Internships at Zaytuna Farm under the the direction of Geoff Lawton are an excellent way to build up your knowledge of permaculture in practice. The internship is a 10-week program and included in that ten weeks are advanced permaculture skills classes such as Earthworks, How To Teach a PDC, Permaculture Aid, Urban Permaculture and the Soils course. These scheduled classes make up for half of the internship. What you may not know and what is not all that obvious to someone looking to do an internship is what happens in the other weeks?
Those weeks are not idle. Sometimes you are going out to plant a swale with a future food forest. Perhaps the cattle lane needs to be updated, moved or repaired. You may build a chicken tractor or even a goat tractor. The staff are quietly working behind the scenes to fill that time with worthwhile, meaningful, and applicable knowledge that you can put into practice.
Then there are the "extra courses" — the courses that you did not know would be part of the internship. Examples of extra courses are Danial Lawton’s Permaculture Tools class. Here Danial teaches how to choose, use and maintain hand tools that, when used correctly, can be just as effective as a whipper snipper (weed wacker for us Americans). Danial has also been known to teach food forest maintenance, taking the students through different successions of food forests and how to maintain them for maximum productivity. There have been fermentation and pickling classes, seed saving classes, a herbs class where Geoff makes you a potent power herb and mineral drink.
The current internship had an apiculture class (beekeeping) added. The class was a three day course held off site. The instructor, Peter, and his wife Lucile, are a delightful couple. Peter, who has been working with bees for over 50 years, says "be an Apriest and not a beekeeper." What he was wisely saying is that you are not just keeping bees, but rather living amongst them — observing, caring for, and loving the bees. Obviously there is a benefit to being an apiculturist, and that is the beautiful honey and wax. However it’s not so easy to get.
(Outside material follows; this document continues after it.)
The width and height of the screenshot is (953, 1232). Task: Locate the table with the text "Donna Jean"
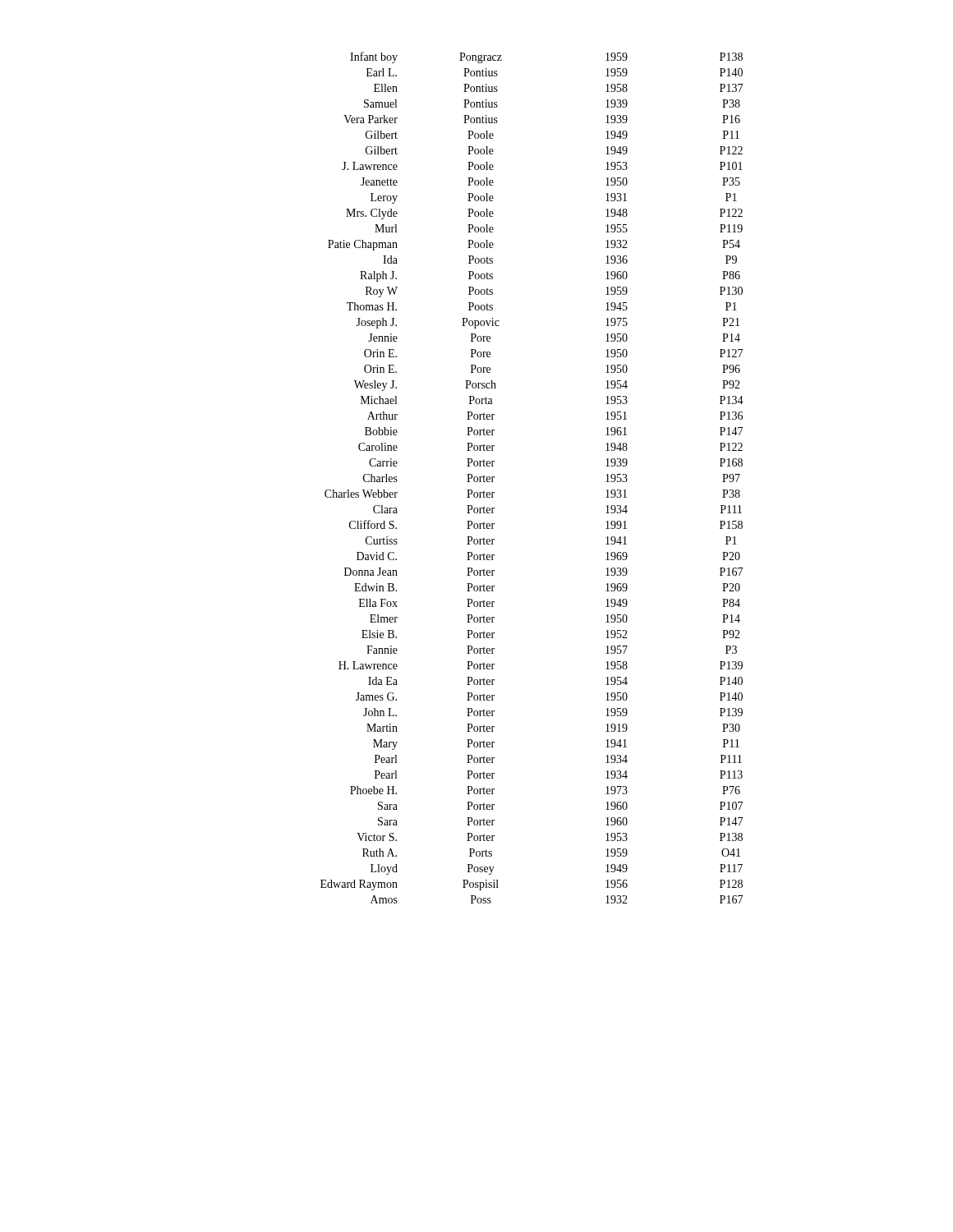[476, 478]

On day one Peter introduced us to the bees — how they breed, eat, make honey, pollinate and the like. We looked at how to choose an aviary location and what the bees do inside. Then it was wood shop time, where the students made boxes and frames. Peter was taking time to explain each component, its function and how it fit with the whole structure. You could feel the excitement buzzing as the boxes were coming together.
Day two was a bit more full on. The class started with "how do you get bees?" Peter was going into the different options and was expanding on capturing a swarm. As he was going through the techniques of how to capture a swarm, Tom Kendal, from PRI Maungaraeeda, Sunshine Coast, came running through the door saying that he has spotted a swarm. The class went from the safety of four walls to standing in front of a huge clump of thousands of bees. Collecting the swarm was fascinating and required the cutting of a branch that the swarm had gathered onto and shaking that clump of bees into a box that he had primed with a couple frames of bee brood to entice the bees to remain and take care of the babies that were there.
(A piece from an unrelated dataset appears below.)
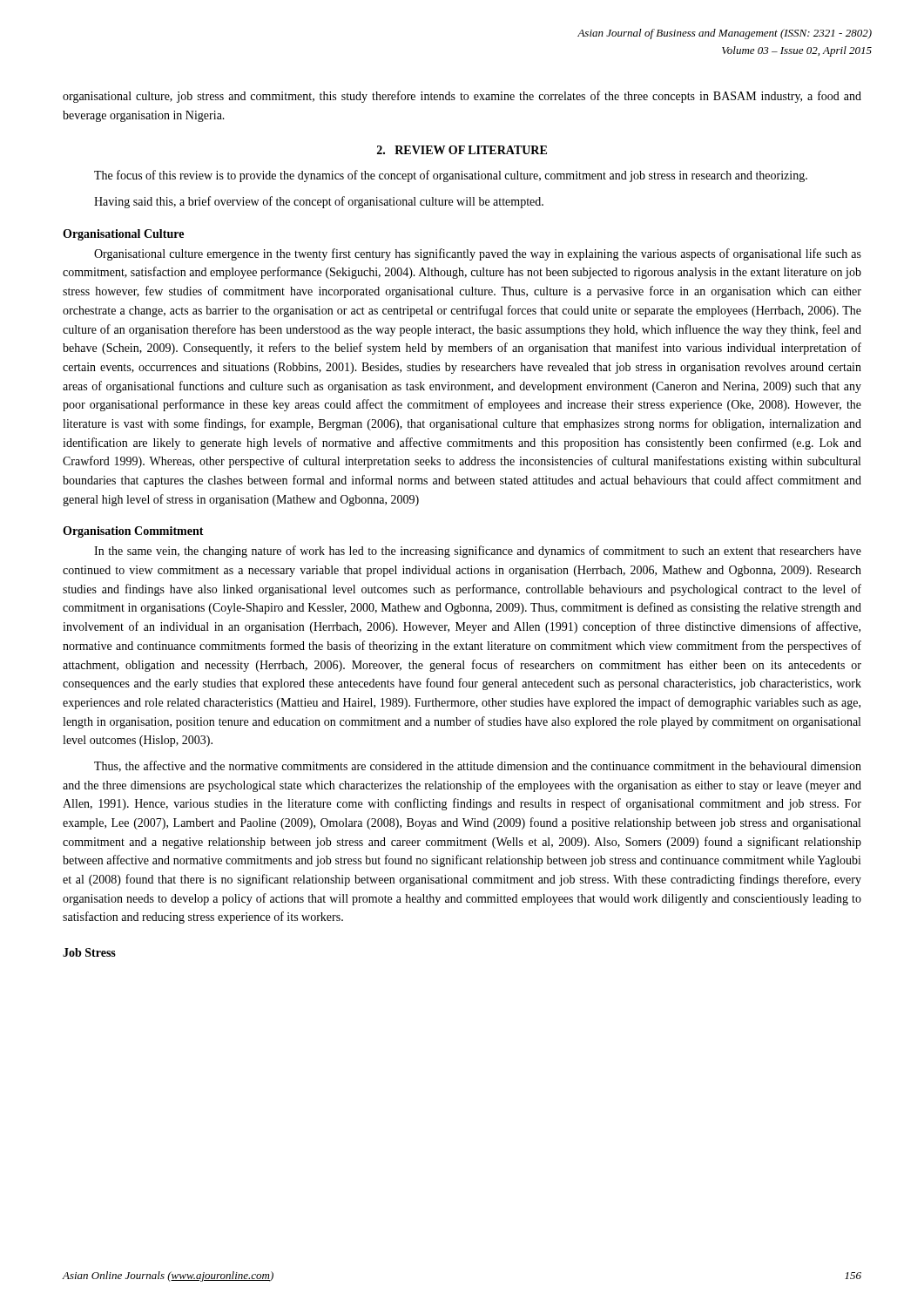Click on the block starting "organisational culture, job stress"

click(x=462, y=106)

In addition to capturing a swarm we also harvested honey. As I mentioned above, harvesting honey is not an easy task. Each box of honey can weigh 30+ kilos and they are full of bees (that sting). The box is opened and frame by frame the comb is extracted. All the time you are careful not to kill one of those pretty little girls (the bees) because if you do she releases a pheromone that agitates the other bees, resulting in an angry swarm. With a class of 14 students, and nearly none of them having prior exposure to harvesting honey, the bees were getting agitated, resulting in the quick exit of some students due to stings. But like the troopers permies are, they were quickly back in the ranks, helping with the next box.
We then took the harvested frames, where the honey is kept, back to the shed for extraction. Peter went into the different ways of extracting the honey all the way from the low/no cost methods to commercial honey extractors and methods in between. We popped the caps off the combs and placed half of the frames into a hand spinner and the other half were simply placed upside down in a tub to drain out until the next day.
On day three we all brought our jars and filled up! Peter then showed us some of the other benefits of the bees’ other wonderful product, the wax. Beeswax is amazing. Peter showed us all kinds of uses and homemade products that can be made with beeswax. Handling the beeswax seemed to kick up our endorphins because everyone attested to feeling better and happier after handling it. There could be something there….
The last part of the final day was spent on disease prevention and identification and how to nurture and provide space and shelter for local bee populations. Peter strongly suggested joining our local beekeeping clubs, even if we are not personally interested in managing bees ourselves. He emphasized throughout the entirety of the course that it’s not all about the honey or money. The job that these amazing creatures do pollinating our food is far more valuable than any product we could ever derive. But it sure is nice to have real, beautiful, non-diluted or sugar-fed honey provided by our wonderful little friends.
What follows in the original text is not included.